Он знал имя, знал год рождения, даже приблизительно помнил дату рождения. Потребовалось не так уж много времени, чтобы отыскать Антона Бергмарка.
– Слесарь-водопроводчик, – отчитался Бергер. – Остался в Соллентуне. Работал в фирме у отца десять лет. Унаследовал ее. Называл себя генеральным директором. Потом оформлена нетрудоспособность.
– Нетрудоспособность? С каких пор?
– Три года. Два с половиной года назад досрочно вышел на пенсию.
– Ощутимая перемена. От генерального директора до досрочного пенсионера за полгода. Естественным объяснением является, конечно, та или иная зависимость?
– Слишком много деловых ужинов с кокаином на десерт? – предположил Бергер. – Не кажется невероятным. Фирма пошла на дно, банкротство. Развод со второй женой незадолго до этого. Она получила опеку над тремя детьми, один из которых даже был не ее, а Антона Бергмарка от первого брака.

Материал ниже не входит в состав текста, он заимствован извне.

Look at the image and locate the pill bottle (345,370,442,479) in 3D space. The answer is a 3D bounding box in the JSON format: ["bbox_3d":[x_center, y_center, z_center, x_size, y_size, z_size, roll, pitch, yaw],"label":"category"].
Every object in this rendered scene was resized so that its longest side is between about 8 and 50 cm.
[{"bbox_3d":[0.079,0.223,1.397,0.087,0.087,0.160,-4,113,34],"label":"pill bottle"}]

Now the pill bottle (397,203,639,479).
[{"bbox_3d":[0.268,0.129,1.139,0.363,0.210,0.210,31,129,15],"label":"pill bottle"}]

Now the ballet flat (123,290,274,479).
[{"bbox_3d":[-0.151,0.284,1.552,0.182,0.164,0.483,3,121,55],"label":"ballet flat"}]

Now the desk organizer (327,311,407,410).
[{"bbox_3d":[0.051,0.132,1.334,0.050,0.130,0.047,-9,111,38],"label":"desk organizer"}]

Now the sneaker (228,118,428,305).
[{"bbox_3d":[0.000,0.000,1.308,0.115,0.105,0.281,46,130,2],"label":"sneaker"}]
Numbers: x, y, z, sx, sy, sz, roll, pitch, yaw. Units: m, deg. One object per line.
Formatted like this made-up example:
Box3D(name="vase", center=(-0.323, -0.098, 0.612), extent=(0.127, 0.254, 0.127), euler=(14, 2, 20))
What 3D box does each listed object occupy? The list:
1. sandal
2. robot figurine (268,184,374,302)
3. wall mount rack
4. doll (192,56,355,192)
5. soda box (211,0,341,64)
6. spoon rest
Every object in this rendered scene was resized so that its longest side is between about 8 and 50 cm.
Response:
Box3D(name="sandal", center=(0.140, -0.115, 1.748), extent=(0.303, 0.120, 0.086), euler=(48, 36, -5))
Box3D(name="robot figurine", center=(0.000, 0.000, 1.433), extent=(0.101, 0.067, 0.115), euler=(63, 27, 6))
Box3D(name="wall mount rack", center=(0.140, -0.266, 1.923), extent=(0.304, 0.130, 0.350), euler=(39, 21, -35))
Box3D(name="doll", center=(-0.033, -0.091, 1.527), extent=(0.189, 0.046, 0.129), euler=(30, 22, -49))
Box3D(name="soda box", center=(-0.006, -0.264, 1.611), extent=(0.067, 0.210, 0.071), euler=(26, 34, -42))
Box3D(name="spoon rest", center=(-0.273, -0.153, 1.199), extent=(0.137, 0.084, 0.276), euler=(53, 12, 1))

– Запрет на общение с отцом?
– Не нахожу ничего такого. Зато есть адрес.
– Дай угадаю. Центр лечения от алкоголизма и наркомании?
– Пансионат «Ласточка», – сказал Бергер. – В центре Соллентуны.
Еще не добравшись до цели, они начали замечать признаки того, что что-то не сходится. Пансионат «Ласточка» занимал пару этажей в одном из огромных домов на улице Мальмвеген в Соллентуне, и в длинных коридорах висело многовато для центра лечения от алкоголизма и наркомании вышитых крестиком пословиц в духе «Мой дом – моя крепость» и «В гостях хорошо, а дома лучше». Когда им навстречу выехало первое инвалидное кресло и как минимум девяностошестилетняя дама встретила их словами: «Господин и госпожа Эльфенбен, уже пора выливать горшки?» – их подозрения окрепли. Потом появилась медсестра, вопросительно посмотревшая на гостей. Бергер достал свое удостоверение и спросил:
– Какова специализация пансионата «Ласточка»?
Их удивило, что медсестра засмеялась, прежде чем ответить.
– Когда-то такая специализация называлась гериатрическое отделение.
– Пожилые люди с деменцией, которые ожидают смерти?
– Не только. У нас есть несколько пациентов помоложе.